Records excerpted from a collection:
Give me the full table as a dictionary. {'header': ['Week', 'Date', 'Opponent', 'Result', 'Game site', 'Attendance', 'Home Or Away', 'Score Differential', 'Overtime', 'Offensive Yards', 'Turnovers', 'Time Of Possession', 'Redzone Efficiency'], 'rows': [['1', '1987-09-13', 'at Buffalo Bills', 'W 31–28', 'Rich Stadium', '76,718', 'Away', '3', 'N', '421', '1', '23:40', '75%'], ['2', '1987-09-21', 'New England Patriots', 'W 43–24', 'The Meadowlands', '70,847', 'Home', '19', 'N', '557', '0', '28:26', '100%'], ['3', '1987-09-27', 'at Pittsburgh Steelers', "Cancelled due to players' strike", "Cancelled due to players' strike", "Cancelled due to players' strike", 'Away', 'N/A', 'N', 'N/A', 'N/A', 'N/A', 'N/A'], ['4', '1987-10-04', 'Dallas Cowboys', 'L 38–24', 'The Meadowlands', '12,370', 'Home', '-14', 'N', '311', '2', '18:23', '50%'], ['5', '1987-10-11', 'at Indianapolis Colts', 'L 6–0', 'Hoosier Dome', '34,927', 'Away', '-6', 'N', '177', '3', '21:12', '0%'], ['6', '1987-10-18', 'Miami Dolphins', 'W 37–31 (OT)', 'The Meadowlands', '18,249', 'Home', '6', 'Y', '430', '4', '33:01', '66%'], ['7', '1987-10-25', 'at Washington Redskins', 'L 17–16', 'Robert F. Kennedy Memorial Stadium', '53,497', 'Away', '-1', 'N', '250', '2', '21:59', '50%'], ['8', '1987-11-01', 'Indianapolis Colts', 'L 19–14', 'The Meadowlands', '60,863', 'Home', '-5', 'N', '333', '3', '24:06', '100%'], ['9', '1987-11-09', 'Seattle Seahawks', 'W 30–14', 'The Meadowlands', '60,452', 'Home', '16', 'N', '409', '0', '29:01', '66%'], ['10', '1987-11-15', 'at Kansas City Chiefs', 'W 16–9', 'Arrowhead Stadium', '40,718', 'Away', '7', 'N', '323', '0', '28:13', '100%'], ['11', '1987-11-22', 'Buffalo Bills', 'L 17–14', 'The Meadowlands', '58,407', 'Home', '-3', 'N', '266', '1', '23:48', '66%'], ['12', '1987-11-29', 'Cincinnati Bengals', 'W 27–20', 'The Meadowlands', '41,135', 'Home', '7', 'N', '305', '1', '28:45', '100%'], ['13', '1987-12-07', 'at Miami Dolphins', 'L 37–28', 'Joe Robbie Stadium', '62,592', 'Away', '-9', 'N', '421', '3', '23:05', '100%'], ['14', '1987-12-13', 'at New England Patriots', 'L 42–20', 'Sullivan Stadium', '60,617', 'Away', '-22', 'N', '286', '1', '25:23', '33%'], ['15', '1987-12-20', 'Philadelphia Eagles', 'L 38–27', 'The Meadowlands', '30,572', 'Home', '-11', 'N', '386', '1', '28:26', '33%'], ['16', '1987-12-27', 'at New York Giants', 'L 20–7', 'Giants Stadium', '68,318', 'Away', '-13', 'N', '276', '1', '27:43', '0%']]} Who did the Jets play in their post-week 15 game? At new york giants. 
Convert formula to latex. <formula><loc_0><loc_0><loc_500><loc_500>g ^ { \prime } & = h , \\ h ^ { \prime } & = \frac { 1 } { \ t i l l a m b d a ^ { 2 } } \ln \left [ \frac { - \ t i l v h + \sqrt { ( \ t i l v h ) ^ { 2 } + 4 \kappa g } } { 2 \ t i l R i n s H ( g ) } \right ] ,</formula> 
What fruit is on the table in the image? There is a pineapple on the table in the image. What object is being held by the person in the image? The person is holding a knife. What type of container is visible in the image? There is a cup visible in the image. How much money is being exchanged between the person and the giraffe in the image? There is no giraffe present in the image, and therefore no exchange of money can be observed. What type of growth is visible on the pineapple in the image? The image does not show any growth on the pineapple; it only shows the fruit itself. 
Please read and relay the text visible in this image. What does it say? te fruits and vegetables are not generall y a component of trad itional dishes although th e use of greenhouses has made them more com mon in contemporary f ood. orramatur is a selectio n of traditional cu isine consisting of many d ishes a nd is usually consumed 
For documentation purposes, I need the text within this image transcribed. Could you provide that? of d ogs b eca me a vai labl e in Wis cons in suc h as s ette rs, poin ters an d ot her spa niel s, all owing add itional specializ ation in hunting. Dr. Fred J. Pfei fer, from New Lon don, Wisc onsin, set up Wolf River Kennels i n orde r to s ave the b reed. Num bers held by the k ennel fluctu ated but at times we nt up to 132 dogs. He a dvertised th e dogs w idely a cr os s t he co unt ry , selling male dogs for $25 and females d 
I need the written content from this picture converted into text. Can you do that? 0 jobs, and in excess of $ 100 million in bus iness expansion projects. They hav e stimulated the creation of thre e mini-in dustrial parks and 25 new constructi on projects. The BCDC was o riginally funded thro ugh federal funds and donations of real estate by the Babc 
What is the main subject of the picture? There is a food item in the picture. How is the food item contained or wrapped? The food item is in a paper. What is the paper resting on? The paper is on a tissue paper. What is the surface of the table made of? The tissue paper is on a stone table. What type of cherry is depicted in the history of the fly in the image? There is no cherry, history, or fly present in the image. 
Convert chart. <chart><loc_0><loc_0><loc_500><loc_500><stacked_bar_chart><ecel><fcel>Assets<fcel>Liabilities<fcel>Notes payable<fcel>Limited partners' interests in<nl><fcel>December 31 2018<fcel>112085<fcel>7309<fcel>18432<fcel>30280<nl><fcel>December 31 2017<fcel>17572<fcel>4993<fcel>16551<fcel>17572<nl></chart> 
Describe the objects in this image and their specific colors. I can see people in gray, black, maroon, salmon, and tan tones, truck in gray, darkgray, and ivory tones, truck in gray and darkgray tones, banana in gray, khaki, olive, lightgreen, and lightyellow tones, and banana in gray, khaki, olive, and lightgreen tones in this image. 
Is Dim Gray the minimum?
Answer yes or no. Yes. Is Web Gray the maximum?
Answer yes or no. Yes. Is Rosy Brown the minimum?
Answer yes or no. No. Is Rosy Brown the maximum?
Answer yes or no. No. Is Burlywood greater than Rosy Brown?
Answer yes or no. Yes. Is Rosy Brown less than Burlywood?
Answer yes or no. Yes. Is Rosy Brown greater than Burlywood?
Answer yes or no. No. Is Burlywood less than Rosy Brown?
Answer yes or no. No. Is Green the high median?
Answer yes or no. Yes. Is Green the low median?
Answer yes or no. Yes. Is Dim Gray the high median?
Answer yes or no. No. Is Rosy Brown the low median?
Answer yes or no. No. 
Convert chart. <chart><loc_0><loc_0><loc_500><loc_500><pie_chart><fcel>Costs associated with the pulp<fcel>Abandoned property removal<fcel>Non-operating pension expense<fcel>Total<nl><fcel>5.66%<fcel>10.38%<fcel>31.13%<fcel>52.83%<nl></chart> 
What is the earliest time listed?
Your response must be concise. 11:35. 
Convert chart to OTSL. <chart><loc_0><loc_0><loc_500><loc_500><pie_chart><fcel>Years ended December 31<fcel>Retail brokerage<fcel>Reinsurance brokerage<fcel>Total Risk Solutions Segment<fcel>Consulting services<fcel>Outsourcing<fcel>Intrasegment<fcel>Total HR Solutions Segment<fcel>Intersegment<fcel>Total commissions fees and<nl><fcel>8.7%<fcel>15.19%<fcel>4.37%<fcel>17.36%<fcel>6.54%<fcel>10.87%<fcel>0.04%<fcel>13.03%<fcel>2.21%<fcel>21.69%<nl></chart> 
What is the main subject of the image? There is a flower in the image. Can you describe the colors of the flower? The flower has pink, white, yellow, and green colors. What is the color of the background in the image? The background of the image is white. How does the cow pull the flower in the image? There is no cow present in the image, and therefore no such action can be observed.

WHAT IS REQUIRED:
Give the number of lines in the entries that contain the word "subject", without any other words.

TASK SOLUTION:
2